Although the book was published in 2018, before the COVID-19 pandemic, the arguments developed by Kalleberg are more important today than ever. The pandemic, coupled with technological advancement, has further facilitated a widescale reconsideration not only of perceptions of standard employment relationships, but also of acceptance of a new normality in distant, hybrid, digital, flexible and atypical forms of work. The pandemic has also uncovered serious skill shortages in some jobs and sectors and redefined perspectives on what is essential work for the economy and society. Acknowledging these recent developments, the arguments developed in Precarious Lives could well serve as a framework and touchstone for a new research agenda on the capability of welfare states and institutional settings to define the new normality of work and jobs, and their convergence across developed democracies in the post-pandemic period.
While the author offers solid empirical grounding for the book’s argument, the manifestations of precarious work and the dimensions of well-being remain rather disparate, not really showing causality or providing an in-depth discussion of the extent to which the changes in well-being are really driven by the changing character of employment in the context of a wide range of societal, political, economic and cultural considerations.
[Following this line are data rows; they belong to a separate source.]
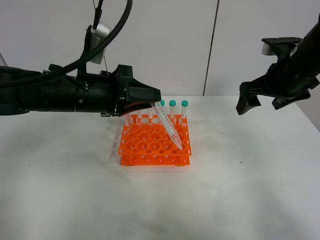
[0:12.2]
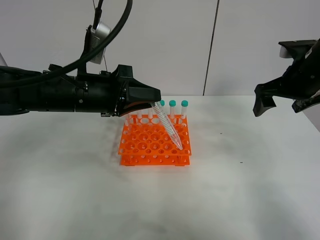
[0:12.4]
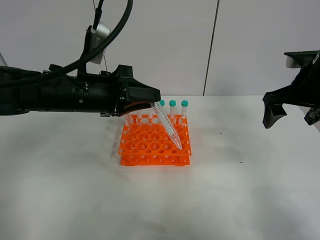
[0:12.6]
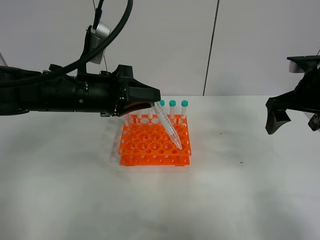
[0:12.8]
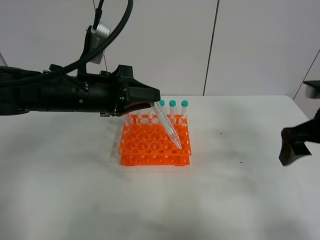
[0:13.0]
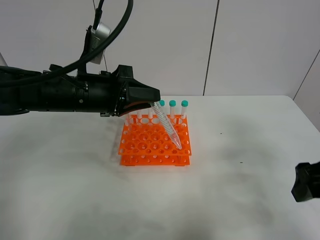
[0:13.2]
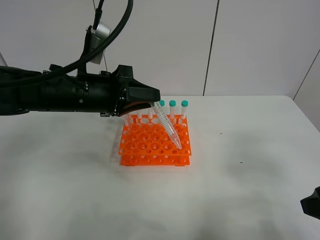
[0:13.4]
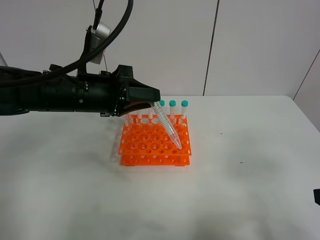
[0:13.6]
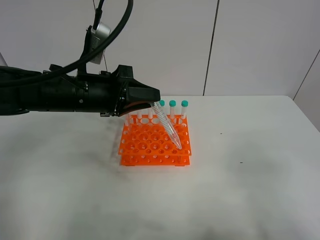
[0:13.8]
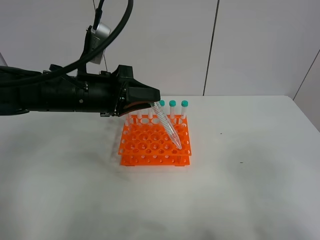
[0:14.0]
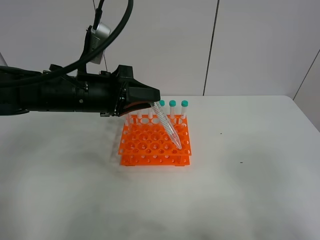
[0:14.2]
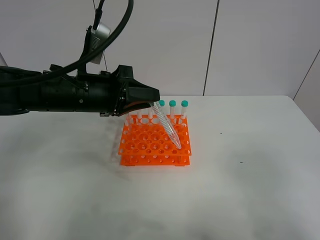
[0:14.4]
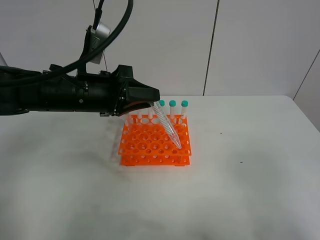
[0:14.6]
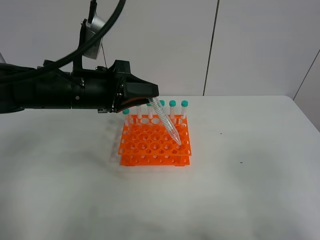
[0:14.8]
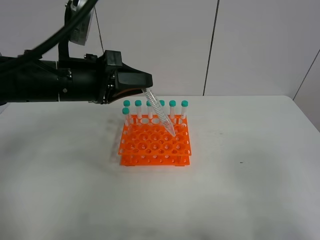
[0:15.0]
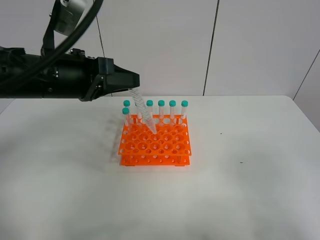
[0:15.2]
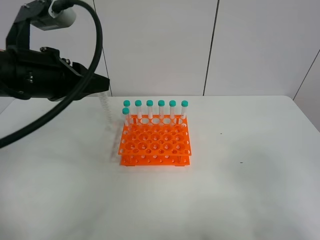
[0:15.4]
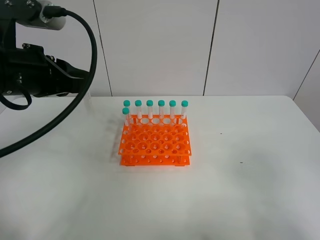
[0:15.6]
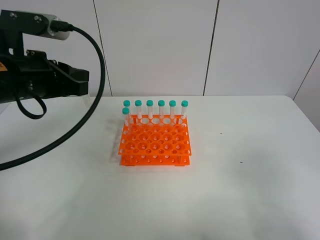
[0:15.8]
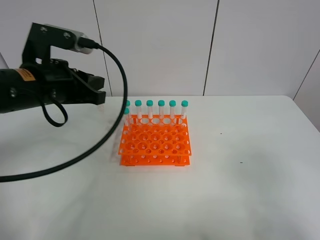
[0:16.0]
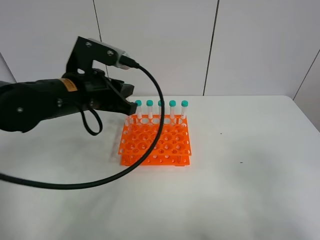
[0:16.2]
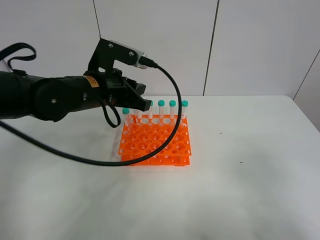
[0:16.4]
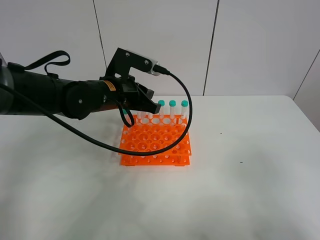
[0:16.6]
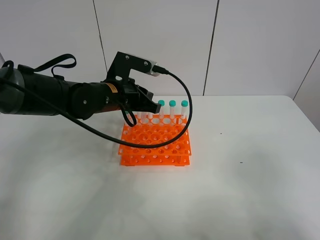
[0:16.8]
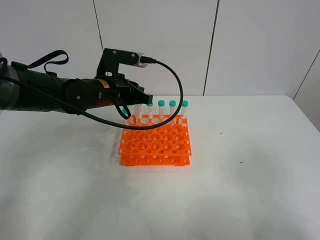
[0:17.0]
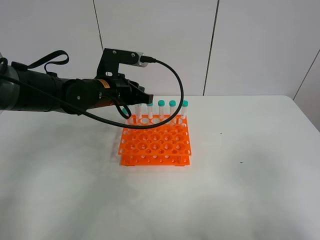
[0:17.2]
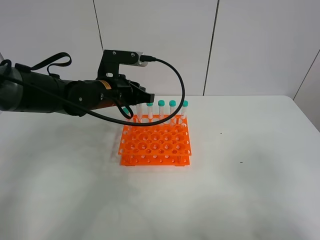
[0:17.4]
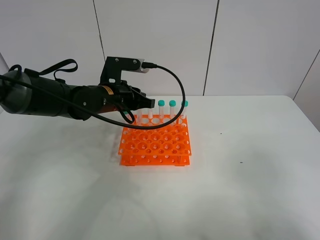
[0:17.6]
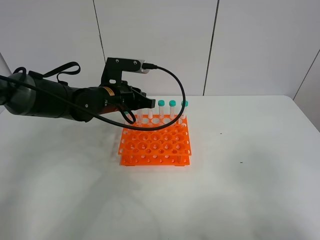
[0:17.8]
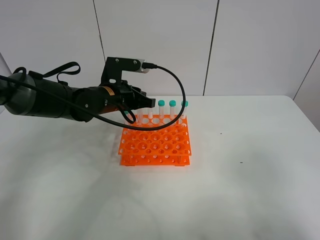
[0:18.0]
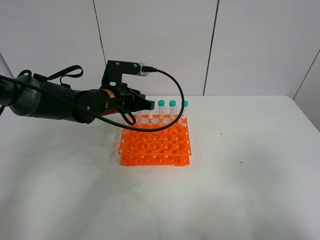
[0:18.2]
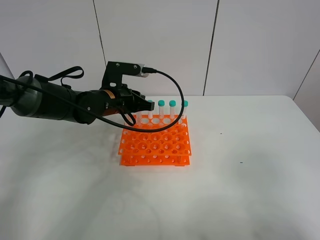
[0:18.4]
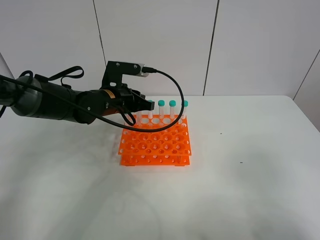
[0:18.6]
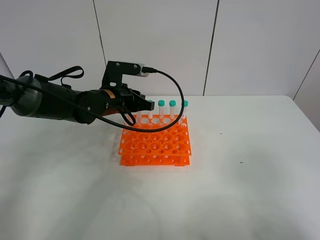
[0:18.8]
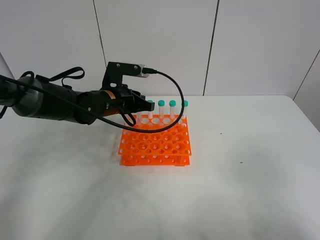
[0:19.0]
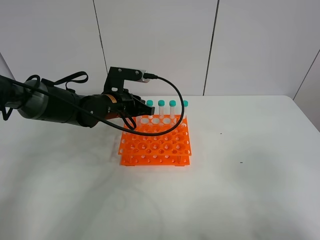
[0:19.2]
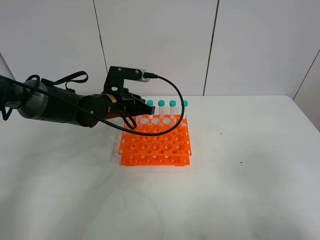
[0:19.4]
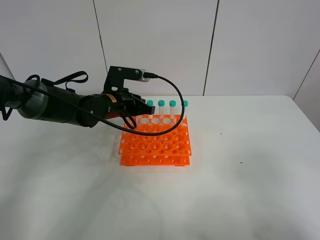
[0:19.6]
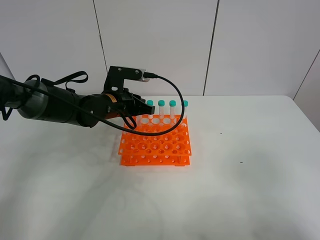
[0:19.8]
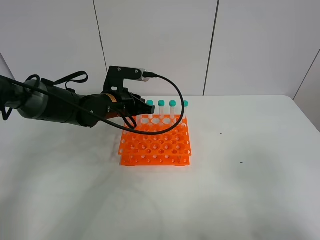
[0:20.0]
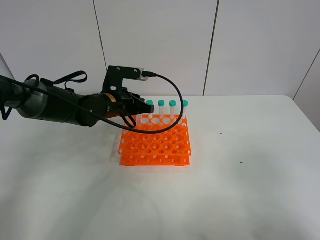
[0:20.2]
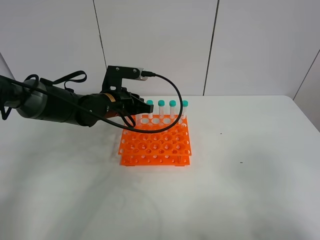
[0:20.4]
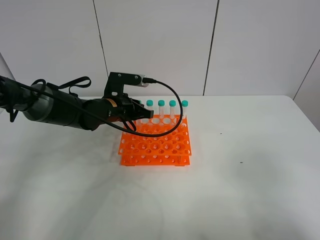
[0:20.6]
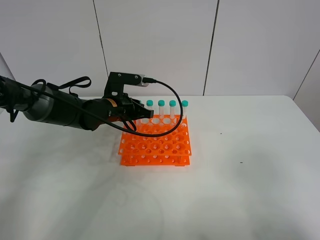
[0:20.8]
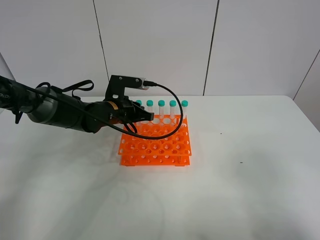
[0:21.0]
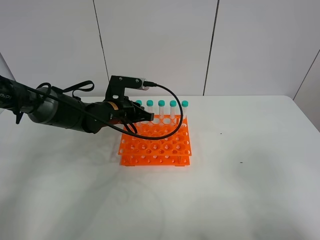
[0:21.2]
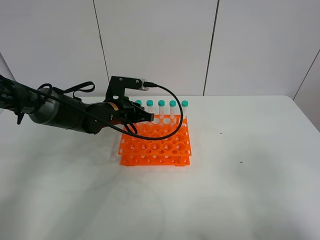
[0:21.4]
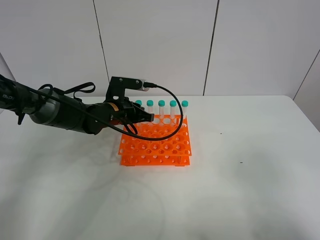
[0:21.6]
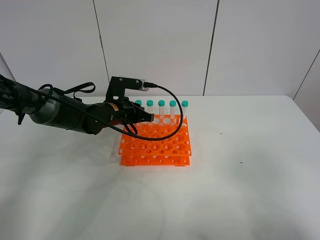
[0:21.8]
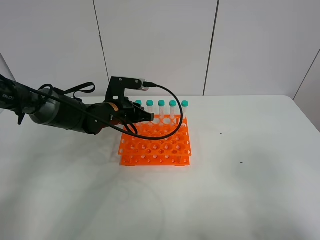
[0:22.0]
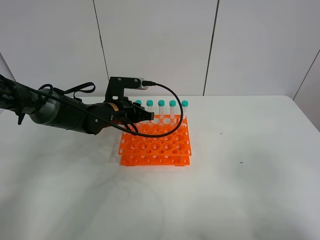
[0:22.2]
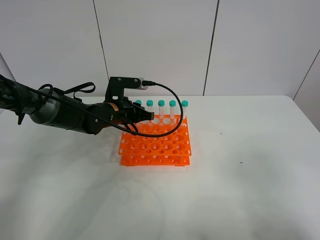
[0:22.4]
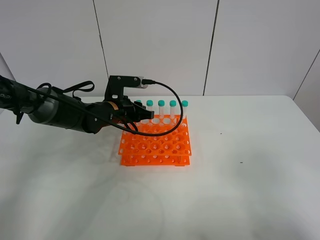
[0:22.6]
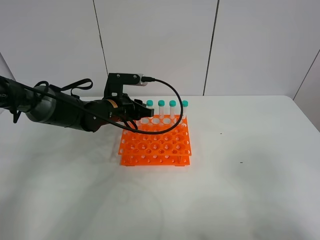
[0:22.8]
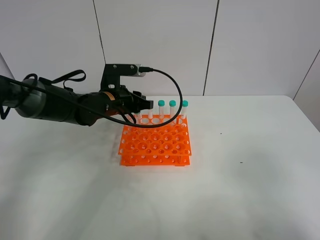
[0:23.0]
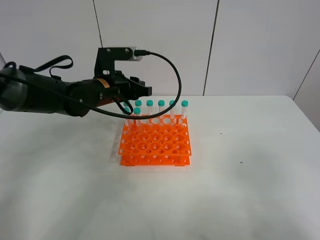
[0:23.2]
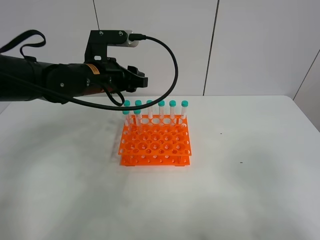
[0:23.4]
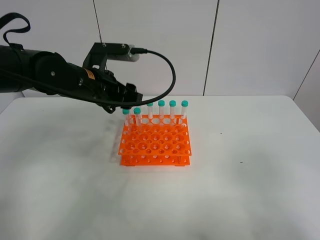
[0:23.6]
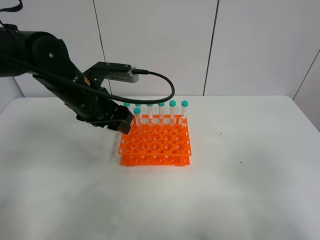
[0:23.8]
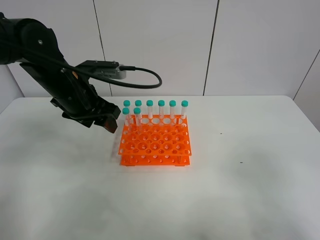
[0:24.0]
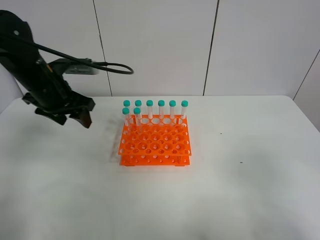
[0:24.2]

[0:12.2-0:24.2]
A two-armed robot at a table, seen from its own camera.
Task of the whole recording: Put the test tube on the table back onto the test tube rack.
Step, 0:12.2 to 0:24.0: Place the test tube on the test tube rack with the left gripper.
0:12.2 to 0:13.8: The right gripper moves backward, some 30 cm.
0:13.8 to 0:15.2: The left gripper travels upward by about 5 cm.
0:15.2 to 0:16.6: The left gripper heads forward, downward and to the right, covering approximately 15 cm.
0:16.6 to 0:18.2: The grippers stay close to where they were, moving slightly.
0:18.2 to 0:19.8: The two grippers keep their place.
0:19.8 to 0:21.2: The grippers move only a little.
0:21.2 to 0:22.6: Both grippers stay about where they are.
0:22.6 to 0:24.2: The left gripper goes approximately 15 cm to the left and upward, and opens up.

Rather than a shortcoming, however, this can be seen as an opportunity to drive new empirical research that would strengthen causal relationships between precariousness and well-being, focusing on post-pandemic labour markets in developed democracies, but also worldwide.
To conclude, the book is a timely and important contribution to the relatively large body of literature on precarious work (see, for example, Choonara et al., 2022). While focusing on the drivers and broader effects of precarious work on well-being, it leaves space for more research on the roles of agency and power resources in understanding why precarious work emerges and how it interacts with other aspects of well-being across different institutional settings. The book by Doellgast et al. (2018) partly does justice to the role of agency and power relations in understanding precarious work and solidarity across relevant stakeholders, but the existing body of literature on precarious work and its institutional and welfare buffers is certainly not exhaustive. Rather, it is gaining even more relevance with technological change, and changing paradigms of work, life, policy and institutions in post-COVID labour markets.